Homegrown muscle sticks around

When I started lifting for hypertrophy, a trainer told me something I've never forgotten - that you have to work hard to build muscle, but you don't have to work as hard to keep it. Now I know how right she was. It's important that lifters know how honestly attained, organic muscle likes to stay with you. The manic, anxiety-ridden race to outpace atrophy is part of the deal that juicers sign on for, but not the rest of us. This guest editorial by OCB president and Fitness & Physique editor Matt Shepley says it all. (Thanks, Matt!)

I sat next to him at the judge’s table, him being a competitive bodybuilder in the past. His arms bulged out of his sleeves. I grabbed his bicep and said, “Damn, you’ve been hittin’ it hard, haven’t you?” His reply, he hadn’t trained in about two years. He said he still ate well though.

This is a difference between muscles built without the use of steroids vs. muscles built with them. And what a difference it is.

I myself recently experienced something similar. I had not been training nearly as much as I used to. In fact, there was a period where I didn’t train at all. I used to fear missing a workout, thinking I would lose muscle that quickly.

Now, after missing MANY workouts, I’m finding that just wasn’t so. I’ve gotten comments such as, “You look like you’ve put on some size”. I usually pat my stomach and say, “Yep”. But they say, “No, I mean muscle size”. The muscle I built naturally, meaning without steroids, for five consistent years is sticking around quite well. Steroid built muscle is the opposite. If steroids are stopped, size loss is VERY noticeable VERY quickly. The saying goes, easy come, easy go.

Train steroid-free. You’ll have longevity not only in life, but also in muscle and strength retention.

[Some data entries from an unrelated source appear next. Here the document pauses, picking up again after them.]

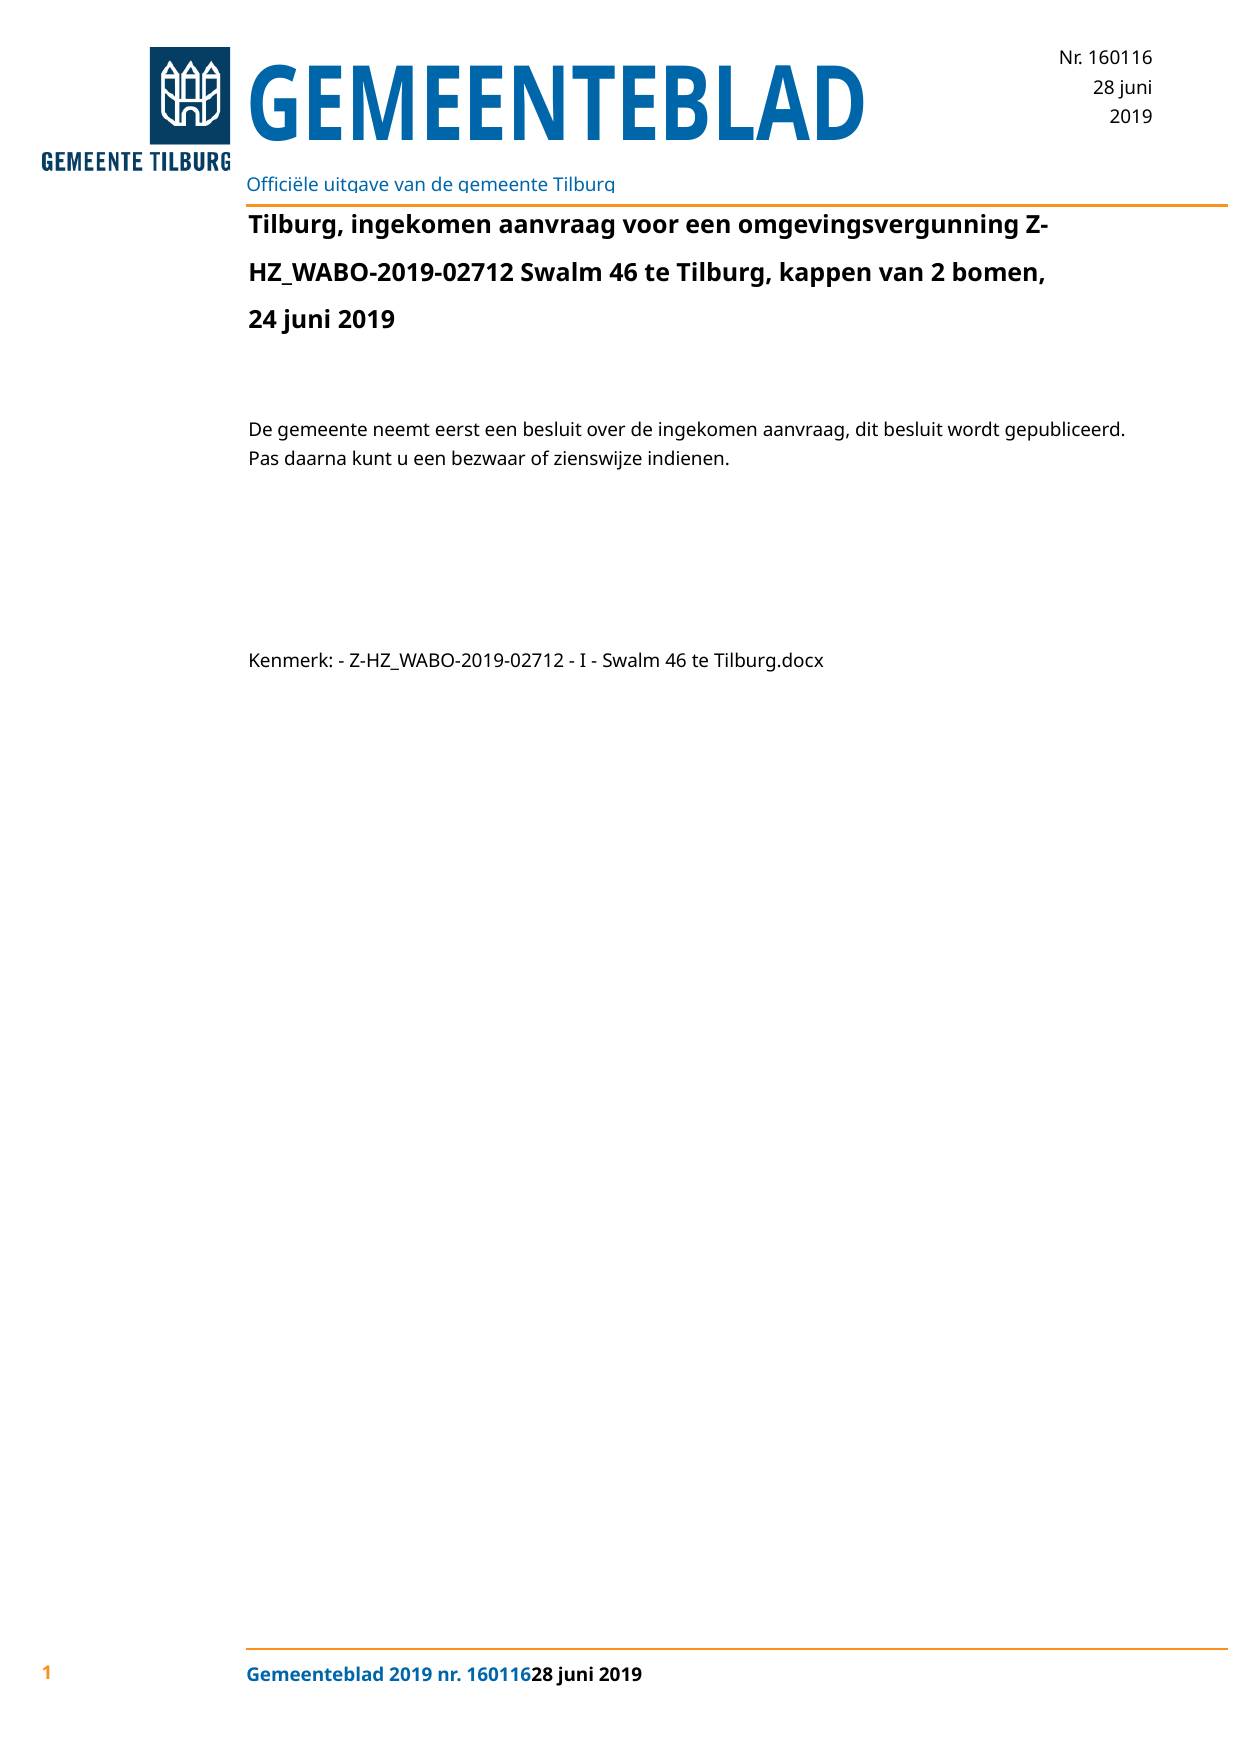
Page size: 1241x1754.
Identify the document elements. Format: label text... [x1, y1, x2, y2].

text Tilburg, ingekomen aanvraag voor een omgevingsvergunning Z-HZ_WABO-2019-02712 Swalm 46 te Tilburg, kappen van 2 bomen, 24 juni 2019 [248, 207, 1152, 336]
picture [41, 47, 231, 172]
text De gemeente neemt eerst een besluit over de ingekomen aanvraag, dit besluit wordt gepubliceerd. Pas daarna kunt u een bezwaar of zienswijze indienen. [248, 416, 1152, 471]
text Kenmerk: - Z-HZ_WABO-2019-02712 - I - Swalm 46 te Tilburg.docx [248, 647, 1152, 673]

Michelle Dumaresq - a champ on one rocky ride

There's a documentary film called 100% Woman airing at festivals on a controversial competitive biker in Canada. Director Karen Duthie has picked up diverse awards from several countries on this embattled transgendered athlete's story. It's gathering steam because Michelle just won her third title in the National downhill Mountain Bike Championships, at Whistler in British Columbia last weekend.

From the film's web site:

"From her first day of competition, reigning Canadian downhill mountain bike champion Michelle Dumaresq has been shaking up the world of sports. But it's not her riding talent that's sparked controversy and international media attention - it's the fact that for the first 20 years of her life Michelle was Michael.

Shot over two years, 100% Woman is an adrenaline-fueled ride-along on Michelle's controversial foray into international women's competition...

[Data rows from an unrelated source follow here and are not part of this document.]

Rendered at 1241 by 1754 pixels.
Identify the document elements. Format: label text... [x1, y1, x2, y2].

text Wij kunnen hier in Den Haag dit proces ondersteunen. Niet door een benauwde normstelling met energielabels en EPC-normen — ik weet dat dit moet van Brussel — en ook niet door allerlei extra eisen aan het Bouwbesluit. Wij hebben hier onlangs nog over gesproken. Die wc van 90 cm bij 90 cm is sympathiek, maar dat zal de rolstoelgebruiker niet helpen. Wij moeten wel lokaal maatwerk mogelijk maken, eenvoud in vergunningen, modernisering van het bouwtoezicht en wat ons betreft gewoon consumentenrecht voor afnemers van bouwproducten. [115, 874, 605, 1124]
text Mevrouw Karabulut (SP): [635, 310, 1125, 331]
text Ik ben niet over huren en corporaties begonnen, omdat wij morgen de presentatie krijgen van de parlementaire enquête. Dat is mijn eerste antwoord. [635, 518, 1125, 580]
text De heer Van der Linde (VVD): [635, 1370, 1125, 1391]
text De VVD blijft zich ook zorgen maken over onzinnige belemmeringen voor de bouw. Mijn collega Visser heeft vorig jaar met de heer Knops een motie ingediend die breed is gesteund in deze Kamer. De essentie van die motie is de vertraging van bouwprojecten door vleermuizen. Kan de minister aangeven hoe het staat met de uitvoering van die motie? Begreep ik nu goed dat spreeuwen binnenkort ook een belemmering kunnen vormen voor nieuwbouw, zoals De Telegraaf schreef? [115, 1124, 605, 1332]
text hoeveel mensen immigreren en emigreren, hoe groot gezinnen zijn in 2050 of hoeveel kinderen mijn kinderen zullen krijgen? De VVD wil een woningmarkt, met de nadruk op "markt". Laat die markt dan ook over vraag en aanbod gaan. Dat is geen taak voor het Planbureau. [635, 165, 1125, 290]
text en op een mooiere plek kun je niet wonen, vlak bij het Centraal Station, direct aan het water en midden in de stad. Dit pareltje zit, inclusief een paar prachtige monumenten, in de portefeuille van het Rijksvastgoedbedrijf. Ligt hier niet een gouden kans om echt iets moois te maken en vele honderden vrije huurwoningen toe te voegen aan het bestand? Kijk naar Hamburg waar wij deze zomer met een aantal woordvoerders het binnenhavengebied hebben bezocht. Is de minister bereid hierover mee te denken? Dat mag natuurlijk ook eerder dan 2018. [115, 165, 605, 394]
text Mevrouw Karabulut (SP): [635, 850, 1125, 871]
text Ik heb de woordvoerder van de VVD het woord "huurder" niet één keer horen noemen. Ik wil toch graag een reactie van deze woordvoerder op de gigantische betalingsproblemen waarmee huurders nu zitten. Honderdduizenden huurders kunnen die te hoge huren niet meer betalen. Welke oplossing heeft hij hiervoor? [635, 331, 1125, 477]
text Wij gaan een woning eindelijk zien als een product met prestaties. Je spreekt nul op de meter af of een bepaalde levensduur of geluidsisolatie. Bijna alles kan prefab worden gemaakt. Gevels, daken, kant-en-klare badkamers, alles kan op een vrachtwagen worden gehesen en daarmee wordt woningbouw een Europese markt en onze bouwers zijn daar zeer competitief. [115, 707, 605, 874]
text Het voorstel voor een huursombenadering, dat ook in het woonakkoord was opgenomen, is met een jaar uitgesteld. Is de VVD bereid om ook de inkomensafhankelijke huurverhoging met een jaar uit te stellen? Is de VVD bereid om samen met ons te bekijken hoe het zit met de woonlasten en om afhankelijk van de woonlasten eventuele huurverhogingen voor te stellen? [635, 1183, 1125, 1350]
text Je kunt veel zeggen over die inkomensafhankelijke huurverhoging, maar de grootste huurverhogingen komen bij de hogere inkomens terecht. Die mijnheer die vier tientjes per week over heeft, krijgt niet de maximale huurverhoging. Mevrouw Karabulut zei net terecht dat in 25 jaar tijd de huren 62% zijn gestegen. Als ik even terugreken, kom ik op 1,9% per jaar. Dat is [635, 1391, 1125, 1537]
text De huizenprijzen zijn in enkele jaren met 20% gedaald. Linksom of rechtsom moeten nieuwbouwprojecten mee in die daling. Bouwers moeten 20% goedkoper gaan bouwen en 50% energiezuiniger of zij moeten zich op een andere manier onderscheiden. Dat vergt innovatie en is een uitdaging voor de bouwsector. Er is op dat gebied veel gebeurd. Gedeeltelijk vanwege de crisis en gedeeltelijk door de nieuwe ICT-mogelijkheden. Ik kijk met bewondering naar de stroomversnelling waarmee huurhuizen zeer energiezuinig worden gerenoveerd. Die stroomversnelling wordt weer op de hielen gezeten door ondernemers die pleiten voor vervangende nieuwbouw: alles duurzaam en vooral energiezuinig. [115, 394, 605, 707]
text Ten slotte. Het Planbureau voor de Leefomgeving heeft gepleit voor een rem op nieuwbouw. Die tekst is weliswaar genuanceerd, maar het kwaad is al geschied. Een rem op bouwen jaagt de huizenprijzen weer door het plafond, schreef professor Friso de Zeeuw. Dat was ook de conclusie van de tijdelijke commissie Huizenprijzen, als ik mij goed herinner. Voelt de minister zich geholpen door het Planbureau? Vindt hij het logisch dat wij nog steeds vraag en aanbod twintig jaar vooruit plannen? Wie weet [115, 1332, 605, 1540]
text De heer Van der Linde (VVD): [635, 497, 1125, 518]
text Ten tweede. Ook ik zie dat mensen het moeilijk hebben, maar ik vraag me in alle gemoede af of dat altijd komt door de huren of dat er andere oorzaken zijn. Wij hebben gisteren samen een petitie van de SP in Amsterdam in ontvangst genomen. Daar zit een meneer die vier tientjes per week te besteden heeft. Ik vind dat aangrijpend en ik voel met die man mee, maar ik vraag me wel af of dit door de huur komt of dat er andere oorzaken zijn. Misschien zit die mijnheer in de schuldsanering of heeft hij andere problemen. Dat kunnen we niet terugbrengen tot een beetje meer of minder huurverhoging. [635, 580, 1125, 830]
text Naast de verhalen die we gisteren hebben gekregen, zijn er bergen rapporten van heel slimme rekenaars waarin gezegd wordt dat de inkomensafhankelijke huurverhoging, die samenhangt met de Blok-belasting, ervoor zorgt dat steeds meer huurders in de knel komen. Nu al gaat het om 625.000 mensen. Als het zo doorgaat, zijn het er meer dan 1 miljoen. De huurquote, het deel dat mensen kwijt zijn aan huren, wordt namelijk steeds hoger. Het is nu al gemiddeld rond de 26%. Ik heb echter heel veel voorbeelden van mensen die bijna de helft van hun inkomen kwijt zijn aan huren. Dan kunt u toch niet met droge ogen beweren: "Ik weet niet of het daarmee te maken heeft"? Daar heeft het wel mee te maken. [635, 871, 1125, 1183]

33-year old Michelle is witty, charming and confident. Like any athlete, she dreams of being the best. But from her very first race she faces active protest from the other racers - some of whom she once considered friends. While some of her opponents merely question her right to compete, others challenge her very identity as a woman."

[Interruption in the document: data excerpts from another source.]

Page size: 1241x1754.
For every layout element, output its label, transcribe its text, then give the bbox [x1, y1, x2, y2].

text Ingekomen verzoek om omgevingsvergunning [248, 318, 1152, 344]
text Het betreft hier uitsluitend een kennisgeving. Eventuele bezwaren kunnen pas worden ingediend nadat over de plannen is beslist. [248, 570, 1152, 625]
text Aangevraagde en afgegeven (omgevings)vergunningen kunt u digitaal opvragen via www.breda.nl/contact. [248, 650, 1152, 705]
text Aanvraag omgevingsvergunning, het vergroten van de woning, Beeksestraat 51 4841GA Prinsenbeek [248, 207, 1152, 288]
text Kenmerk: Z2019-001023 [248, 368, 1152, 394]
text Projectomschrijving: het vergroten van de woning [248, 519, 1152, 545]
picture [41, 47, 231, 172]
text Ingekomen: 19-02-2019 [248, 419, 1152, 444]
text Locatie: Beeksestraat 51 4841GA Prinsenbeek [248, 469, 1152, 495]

Here's an article on Michelle by Susan Reifer in Sports Illustrated

To read Michelle's thoughts in her own words, visit this page off the University of Michigan AI Lab , where this photo came from.

Curves goes behind bars

graphic from strengthtech.com

Now this is an exciting story. A franchise owner took her gym business into women's prisons, and of course the inmates love it. Looks like it is run like the franchise's model - put the women on a generic circuit training program, teach them about diet. Appeals to those who want direction and, at the same time, to feel their own power and individuality and improve themselves overall. From this News Sentinel story on Fort Wayne, sounds like the outside community is being sold on it, too. I'm really happy for the women who are getting to work out and enjoy this. (Though since the prison system uses it to manipulate prisoners, it is has systemic potential for emotional and physical detriment as well.)

After learning about the flack prisons have gotten about weight training, it's great to see there's an angle that's more acceptable, though why it is I can't know with only this information. The entrepreneur piloting the program has paved the way for this chain to monopolize women's prisons, and she's certainly gotten herself a secure niche.

I have some problems with Curves. The founder of the Waco-based chain, Gary Heavin, is anti-abortion and throws tons of money that way politically. The fitness model is fine for novices and maintenance work, but doesn't allow for significant, increasing gains beyond the initial ones. There are no freeweights involved, depriving women of valuable stabilizer work and the creative process of evolving into different areas of resistance training, like Olympic lifting, basic weightlifting, and powerlifting.

But at the basic level, this looks heartening. Working and honing the body is a crucial contributor to overall well-being. I would jump at the chance to train people in this kind of arrangement.

Here's the scoop from the article, by Carol McGraw for the Sentinel. The rest of it is interesting, but reads like a commercial for Curves.

"The prison project was started a year and a half ago by Carole Bergeman, who owns two Curves franchises - one in Canon City, Colo., and one in Colorado Springs, Colo.

The program is set up as an incentive for the prisoners. If they break prison rules, such as possessing contraband, they lose the Curves privilege.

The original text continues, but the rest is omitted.